**Policy gradient methods:** Methods where we directly optimize the policy without the value function. Examples are: REINFORCE, Proximal Policy Optimization.**Actor-Critic:** Actor critic methods consist of one actor and one critic. Actor is the function of the agent and the critic is the value function of the environment. The goal is to have a fast and stable method. Actor methods can explore but they are unstable. So, we use actor-critic to reduce the variance during training.

## Q-Learning

Q-Learning is a subtype of temporal difference learning. The idea is simply to find a Q function that assigns a long-term reward to a specific state-value pairs. Q-learning can be computed with a table using. It is:

– model-free

– off-policy

– temporal-difference learning algorithm

Until convergence, you can do this Bellman equation:|

\(Q(s, a) \leftarrow Q(s, a) + \alpha \left[ r + \gamma \max_{a’} Q(s’, a’) – Q(s, a) \right]\)

### Deep Q-Learning

This one is very simple and straightforward.
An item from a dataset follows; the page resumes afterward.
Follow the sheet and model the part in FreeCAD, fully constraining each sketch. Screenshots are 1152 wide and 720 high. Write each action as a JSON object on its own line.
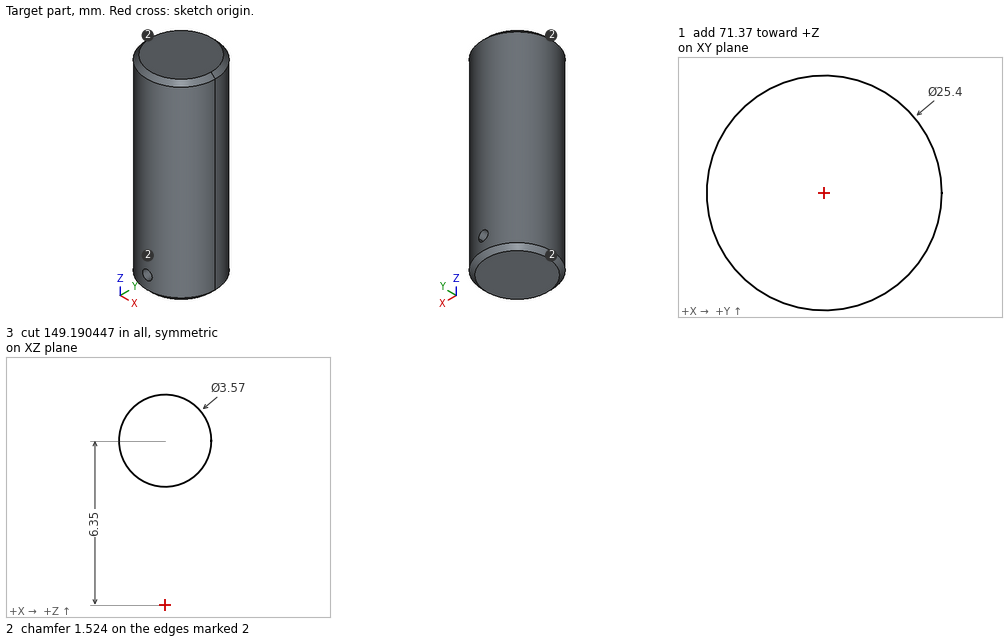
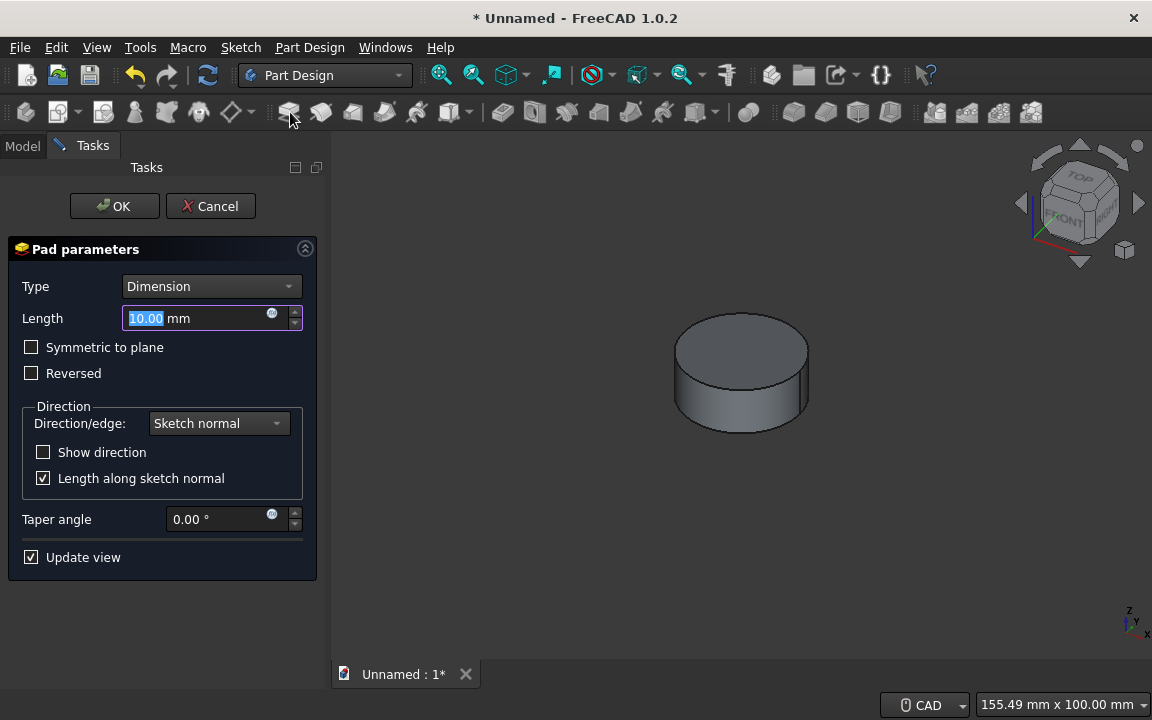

Instead of storing/calculating all possible state/action pairs, we train a neural network to learn and predict them. Agent policies can also be represented by learnable policies, or pre-defined policies. In either case, they can be stochastic or deterministic.

Practically,

- \(Q(s, a) + \alpha \left[ r + \gamma \max_{a’} Q(s’, a’)\right]\) is modelled via a
**target network**. - \(Q(s, a)\) is modelled via a
**policy network**.

Target network is the delayed version of the policy network. Therefore, we train the policy network using gradient based approaches, and update the target network via averaging, e.g. \(\text{target_net}[key] = \text{policy_net}[key] \times \tau + \text{target_net}[key] \times (1 – \tau)\)

So, target network slowly converges to the policy network.